The difference between multithreading and asynchronous c#The difference between multithreading and asynchronous c#Apr 03, 2025 pm 02:57 PM

The difference between multithreading and asynchronous is that multithreading executes multiple threads at the same time, while asynchronously performs operations without blocking the current thread. Multithreading is used for compute-intensive tasks, while asynchronously is used for user interaction. The advantage of multi-threading is to improve computing performance, while the advantage of asynchronous is to not block UI threads. Choosing multithreading or asynchronous depends on the nature of the task: Computation-intensive tasks use multithreading, tasks that interact with external resources and need to keep UI responsiveness use asynchronous.

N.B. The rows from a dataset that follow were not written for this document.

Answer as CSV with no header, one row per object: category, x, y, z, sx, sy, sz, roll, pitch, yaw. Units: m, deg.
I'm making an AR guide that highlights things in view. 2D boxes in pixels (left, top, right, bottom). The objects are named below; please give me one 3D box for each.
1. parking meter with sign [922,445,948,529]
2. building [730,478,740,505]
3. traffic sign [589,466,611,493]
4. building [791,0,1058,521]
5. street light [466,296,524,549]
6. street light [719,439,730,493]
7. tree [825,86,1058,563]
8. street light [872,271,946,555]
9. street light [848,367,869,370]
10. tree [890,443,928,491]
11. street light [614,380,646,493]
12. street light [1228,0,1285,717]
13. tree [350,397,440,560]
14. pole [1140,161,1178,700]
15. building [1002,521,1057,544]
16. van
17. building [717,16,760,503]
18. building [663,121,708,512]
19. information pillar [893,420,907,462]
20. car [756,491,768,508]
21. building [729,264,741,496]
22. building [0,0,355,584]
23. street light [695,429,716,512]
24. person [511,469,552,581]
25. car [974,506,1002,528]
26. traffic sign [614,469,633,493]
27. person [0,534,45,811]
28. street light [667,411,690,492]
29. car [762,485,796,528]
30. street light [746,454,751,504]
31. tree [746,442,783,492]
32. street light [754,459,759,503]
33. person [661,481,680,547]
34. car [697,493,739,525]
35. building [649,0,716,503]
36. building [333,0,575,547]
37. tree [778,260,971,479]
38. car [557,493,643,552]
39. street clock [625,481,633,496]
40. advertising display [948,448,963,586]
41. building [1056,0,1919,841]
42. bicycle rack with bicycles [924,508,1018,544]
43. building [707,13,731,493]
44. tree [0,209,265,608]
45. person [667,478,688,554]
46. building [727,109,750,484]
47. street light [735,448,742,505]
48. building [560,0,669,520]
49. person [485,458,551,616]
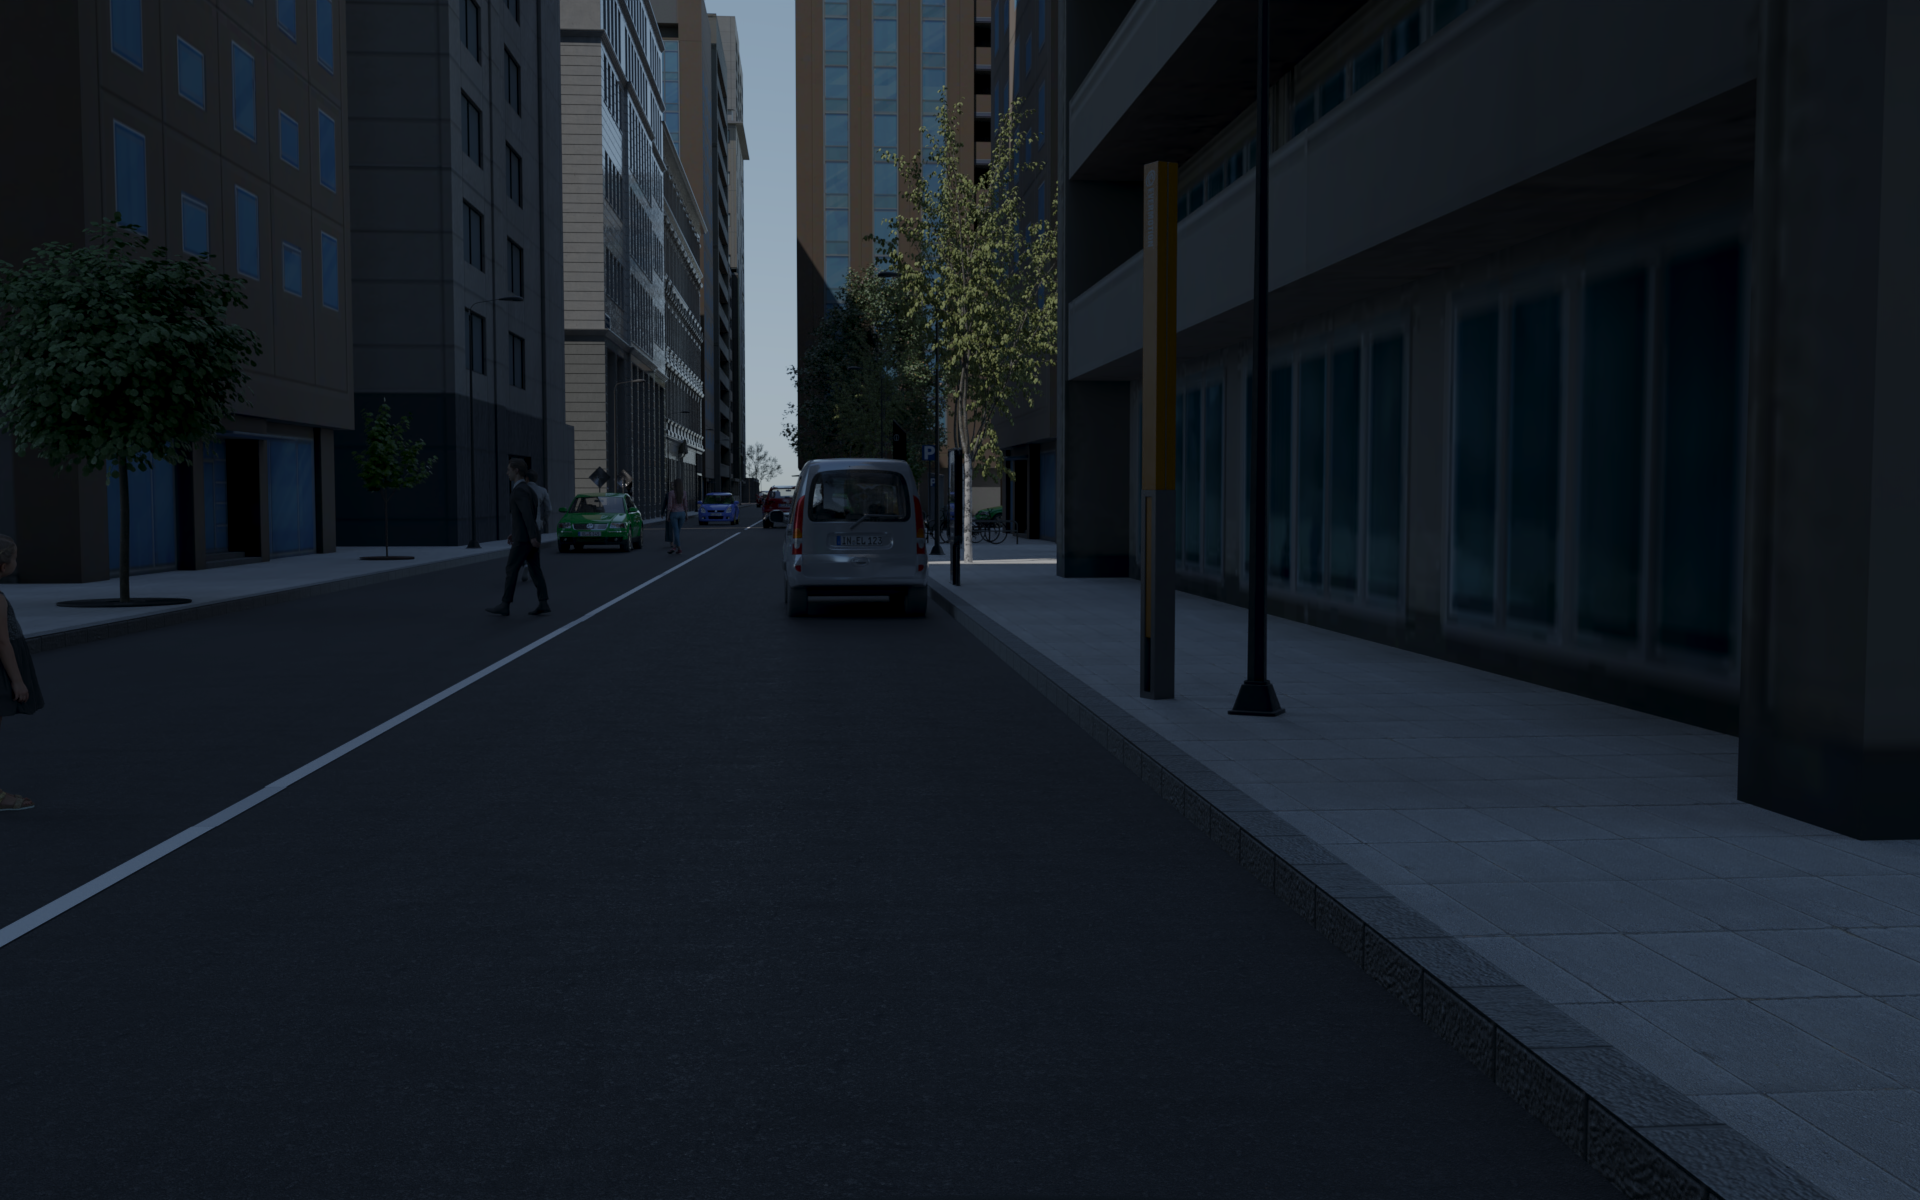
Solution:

How to convert char in C languageHow to convert char in C languageApr 03, 2025 pm 03:21 PM

In C language, char type conversion can be directly converted to another type by: casting: using casting characters. Automatic type conversion: When one type of data can accommodate another type of value, the compiler automatically converts it.

What is the function of C language sum?What is the function of C language sum?Apr 03, 2025 pm 02:21 PM

There is no built-in sum function in C language, so it needs to be written by yourself. Sum can be achieved by traversing the array and accumulating elements: Loop version: Sum is calculated using for loop and array length. Pointer version: Use pointers to point to array elements, and efficient summing is achieved through self-increment pointers. Dynamically allocate array version: Dynamically allocate arrays and manage memory yourself, ensuring that allocated memory is freed to prevent memory leaks.

Avoid errors caused by default in C switch statementsAvoid errors caused by default in C switch statementsApr 03, 2025 pm 03:45 PM

A strategy to avoid errors caused by default in C switch statements: use enums instead of constants, limiting the value of the case statement to a valid member of the enum. Use fallthrough in the last case statement to let the program continue to execute the following code. For switch statements without fallthrough, always add a default statement for error handling or provide default behavior.

See all articles

Hot AI Tools

Undresser.AI Undress

Undresser.AI Undress

AI-powered app for creating realistic nude photos

AI Clothes Remover

AI Clothes Remover

Online AI tool for removing clothes from photos.

Undress AI Tool

Undress AI Tool

Undress images for free

Clothoff.io

Clothoff.io

AI clothes remover

AI Hentai Generator

AI Hentai Generator

Generate AI Hentai for free.

Hot Article

R.E.P.O. Energy Crystals Explained and What They Do (Yellow Crystal)
3 weeks agoBy尊渡假赌尊渡假赌尊渡假赌
R.E.P.O. Best Graphic Settings
3 weeks agoBy尊渡假赌尊渡假赌尊渡假赌
R.E.P.O. How to Fix Audio if You Can't Hear Anyone
3 weeks agoBy尊渡假赌尊渡假赌尊渡假赌

Hot Tools

SAP NetWeaver Server Adapter for Eclipse

SAP NetWeaver Server Adapter for Eclipse

Integrate Eclipse with SAP NetWeaver application server.

mPDF

mPDF

mPDF is a PHP library that can generate PDF files from UTF-8 encoded HTML. The original author, Ian Back, wrote mPDF to output PDF files "on the fly" from his website and handle different languages. It is slower than original scripts like HTML2FPDF and produces larger files when using Unicode fonts, but supports CSS styles etc. and has a lot of enhancements. Supports almost all languages, including RTL (Arabic and Hebrew) and CJK (Chinese, Japanese and Korean). Supports nested block-level elements (such as P, DIV),

Notepad++7.3.1

Notepad++7.3.1

Easy-to-use and free code editor

SublimeText3 Mac version

SublimeText3 Mac version

God-level code editing software (SublimeText3)

Safe Exam Browser

Safe Exam Browser

Safe Exam Browser is a secure browser environment for taking online exams securely. This software turns any computer into a secure workstation. It controls access to any utility and prevents students from using unauthorized resources.